(Stored data Opens)
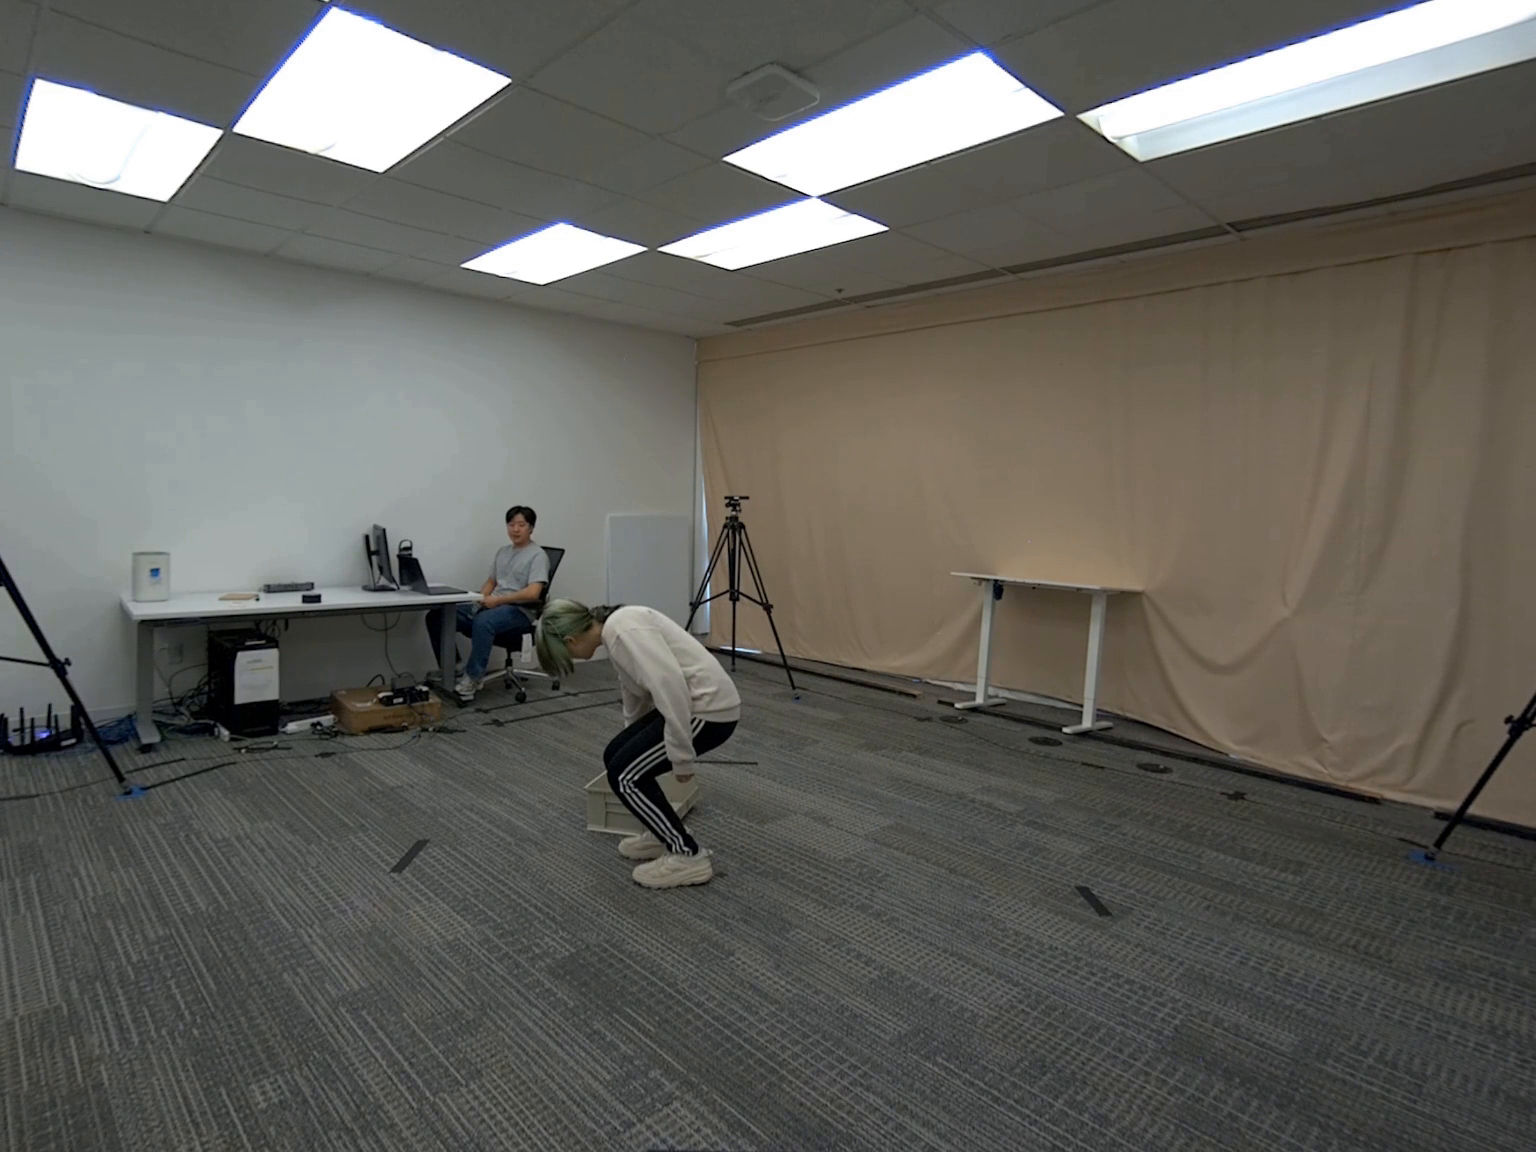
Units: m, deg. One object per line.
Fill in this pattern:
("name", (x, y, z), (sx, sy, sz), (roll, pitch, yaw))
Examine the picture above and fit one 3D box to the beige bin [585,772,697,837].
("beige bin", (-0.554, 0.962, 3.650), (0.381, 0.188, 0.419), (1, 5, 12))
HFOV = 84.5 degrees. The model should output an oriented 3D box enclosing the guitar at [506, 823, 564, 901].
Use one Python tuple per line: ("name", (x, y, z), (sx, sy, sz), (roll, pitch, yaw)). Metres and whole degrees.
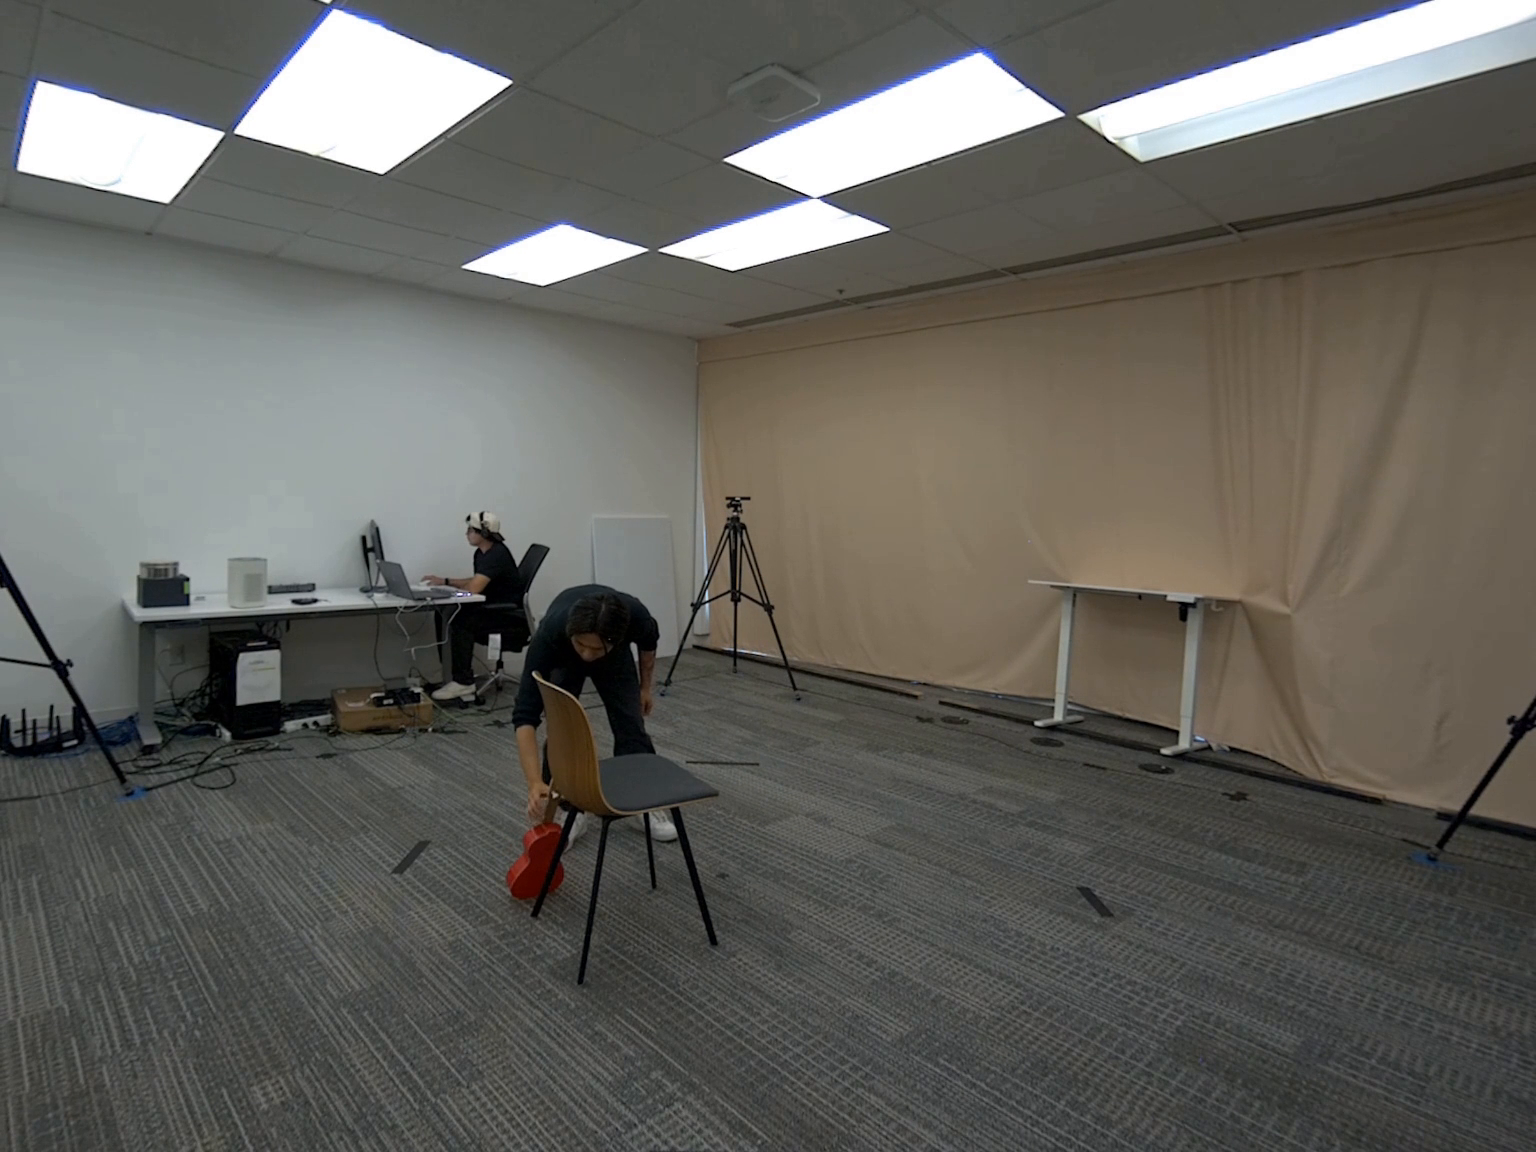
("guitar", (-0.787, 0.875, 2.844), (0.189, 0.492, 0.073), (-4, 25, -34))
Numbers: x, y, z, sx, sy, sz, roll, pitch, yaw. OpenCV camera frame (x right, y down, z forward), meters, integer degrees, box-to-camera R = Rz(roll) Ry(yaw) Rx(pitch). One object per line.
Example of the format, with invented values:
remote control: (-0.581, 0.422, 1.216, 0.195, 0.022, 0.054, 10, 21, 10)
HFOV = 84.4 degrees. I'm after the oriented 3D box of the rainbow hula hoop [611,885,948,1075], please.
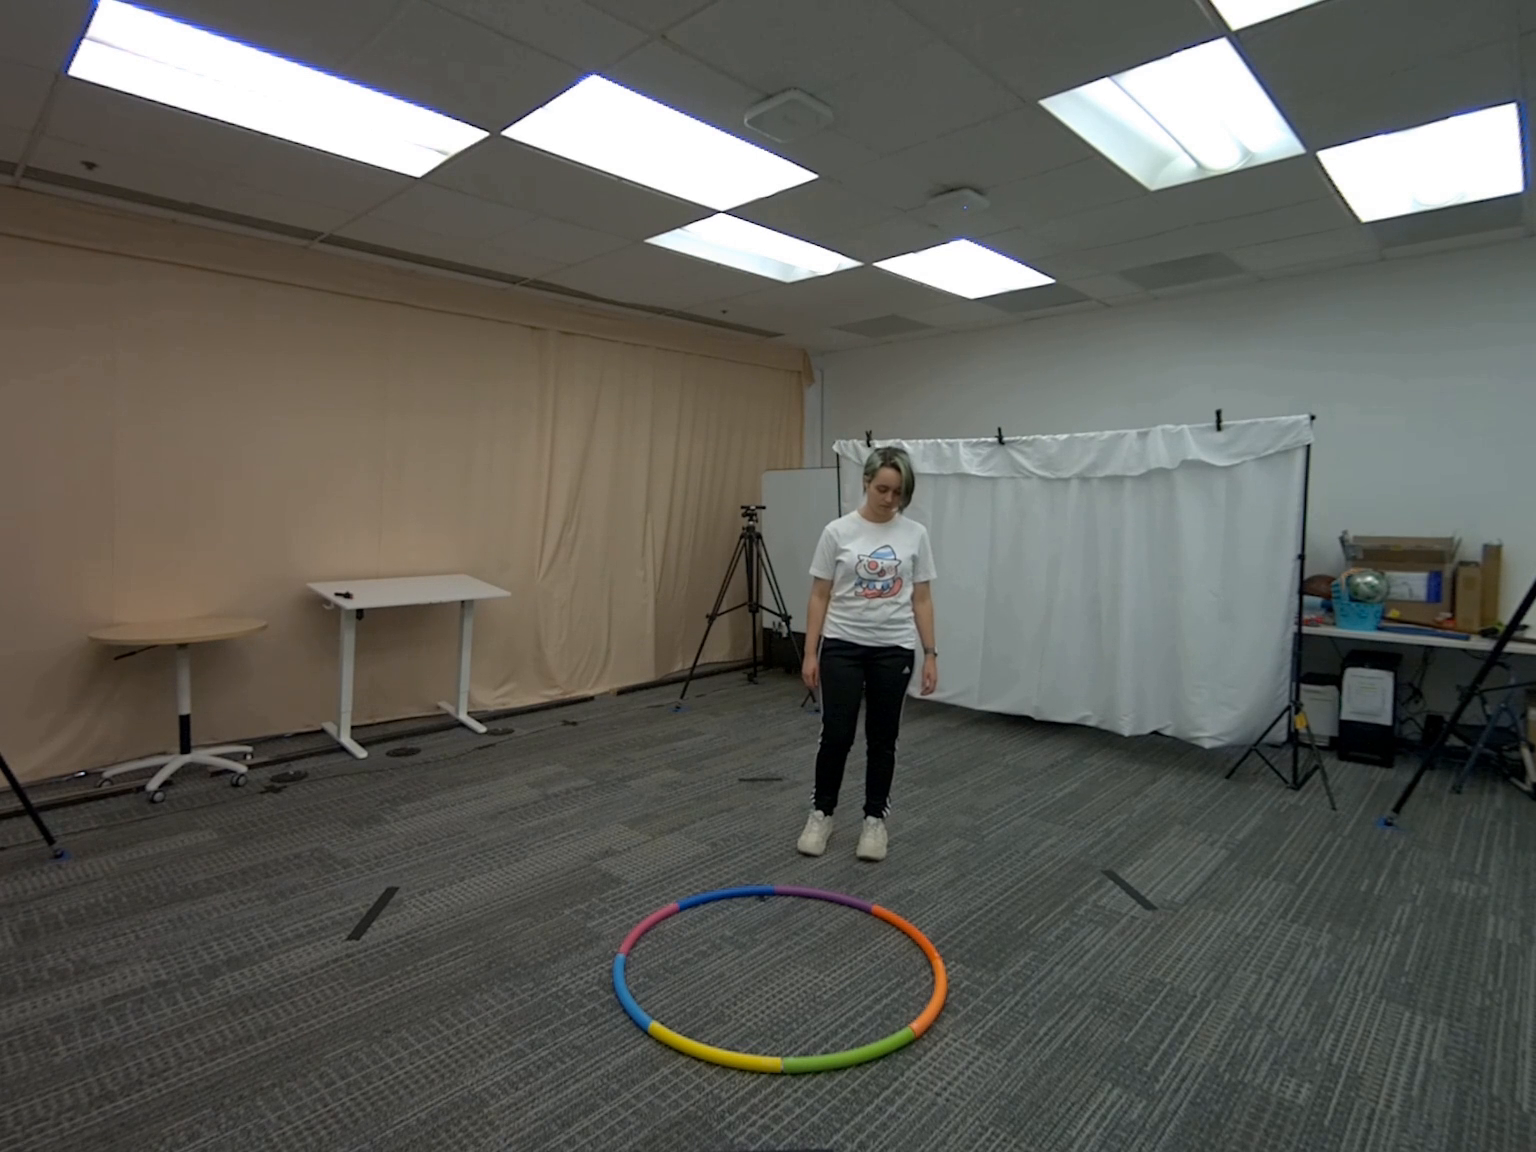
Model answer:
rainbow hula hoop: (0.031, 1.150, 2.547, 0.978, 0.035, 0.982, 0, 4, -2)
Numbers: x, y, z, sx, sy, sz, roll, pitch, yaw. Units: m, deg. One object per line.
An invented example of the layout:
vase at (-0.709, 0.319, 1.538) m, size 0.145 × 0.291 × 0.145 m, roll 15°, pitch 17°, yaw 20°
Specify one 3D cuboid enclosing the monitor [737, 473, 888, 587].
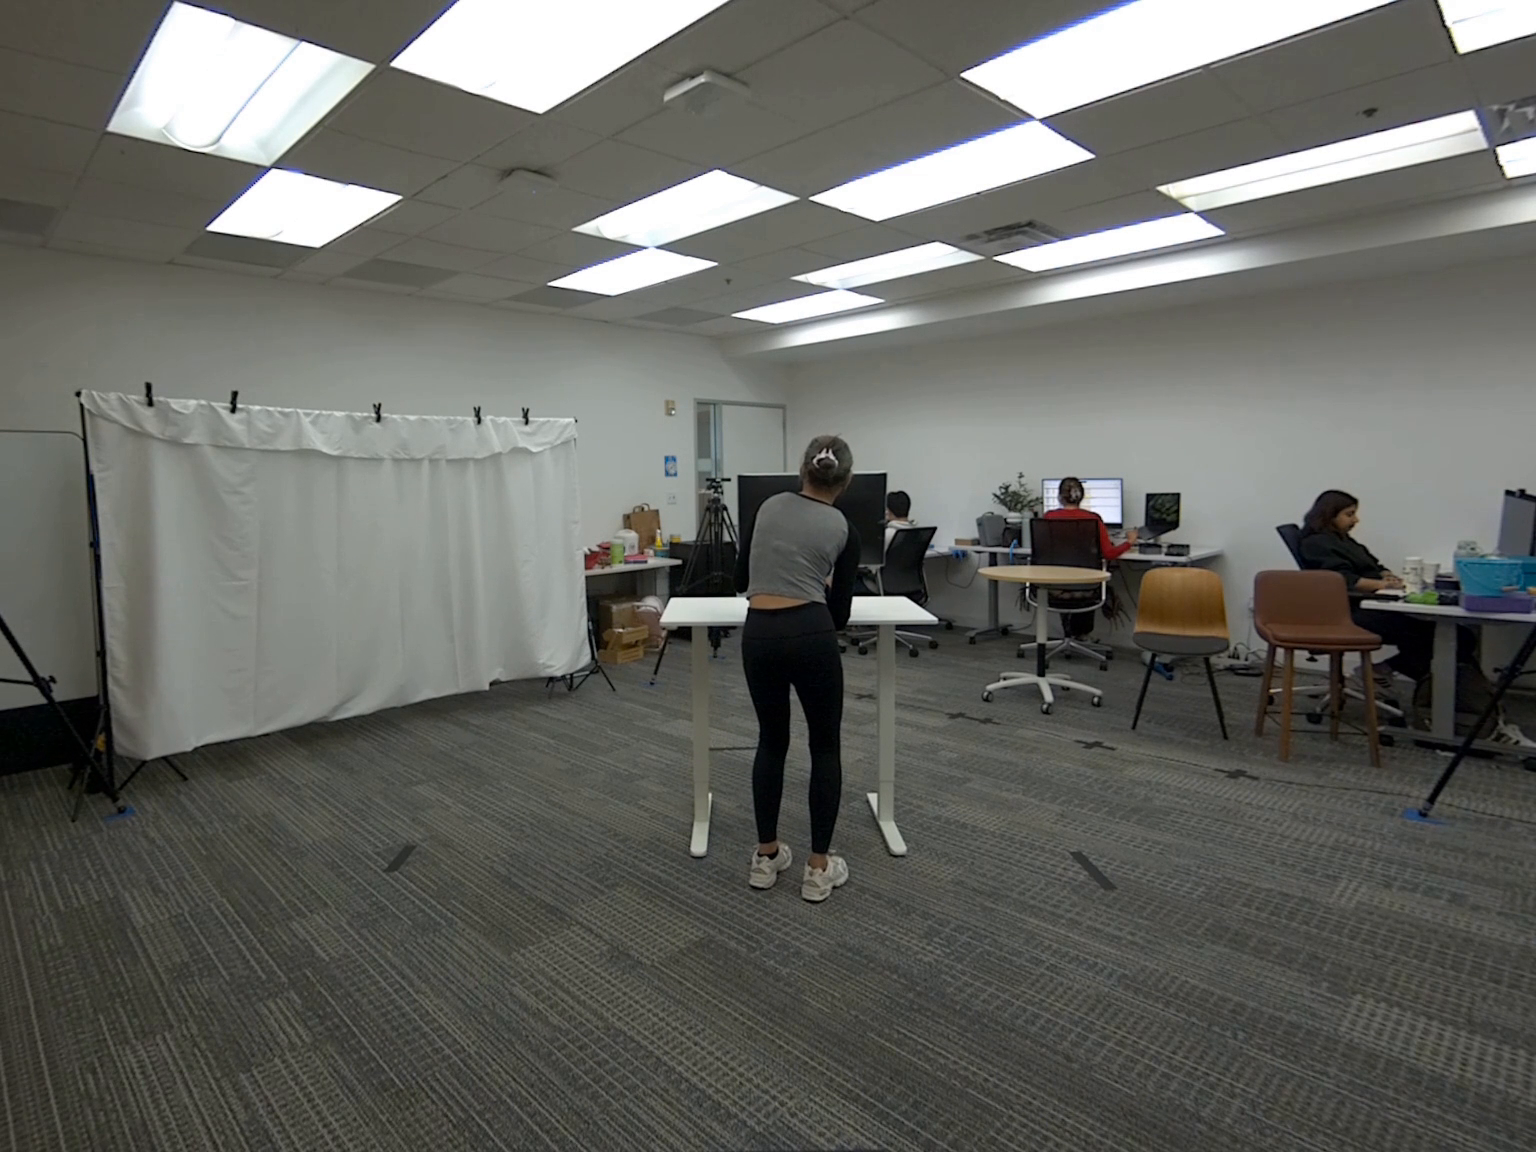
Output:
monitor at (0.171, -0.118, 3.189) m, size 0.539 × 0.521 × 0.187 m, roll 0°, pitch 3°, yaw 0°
(Stored data Closes)
### Aim of the exercise
Your answer must be an exact copy of the records, without the pictures.

### Result of the task
Units: m, deg. One object per line.
Fill in this pattern:
("name", (x, y, z), (sx, sy, sz), (roll, pitch, yaw))
Examine the picture above and fit one 3D box to the beige bin [585,772,697,837].
("beige bin", (-0.554, 0.962, 3.650), (0.381, 0.188, 0.419), (1, 5, 12))
HFOV = 84.5 degrees. The model should output an oriented 3D box enclosing the guitar at [506, 823, 564, 901].
Use one Python tuple per line: ("name", (x, y, z), (sx, sy, sz), (roll, pitch, yaw)). Metres and whole degrees.
("guitar", (-0.787, 0.875, 2.844), (0.189, 0.492, 0.073), (-4, 25, -34))
Numbers: x, y, z, sx, sy, sz, roll, pitch, yaw. OpenCV camera frame (x right, y down, z forward), meters, integer degrees, box-to-camera R = Rz(roll) Ry(yaw) Rx(pitch). One object per line.
Example of the format, with invented values:
remote control: (-0.581, 0.422, 1.216, 0.195, 0.022, 0.054, 10, 21, 10)
HFOV = 84.4 degrees. I'm after the oriented 3D box of the rainbow hula hoop [611,885,948,1075], please.
Model answer:
rainbow hula hoop: (0.031, 1.150, 2.547, 0.978, 0.035, 0.982, 0, 4, -2)
Numbers: x, y, z, sx, sy, sz, roll, pitch, yaw. Units: m, deg. One object per line.
An invented example of the layout:
vase at (-0.709, 0.319, 1.538) m, size 0.145 × 0.291 × 0.145 m, roll 15°, pitch 17°, yaw 20°
Specify one 3D cuboid enclosing the monitor [737, 473, 888, 587].
Output:
monitor at (0.171, -0.118, 3.189) m, size 0.539 × 0.521 × 0.187 m, roll 0°, pitch 3°, yaw 0°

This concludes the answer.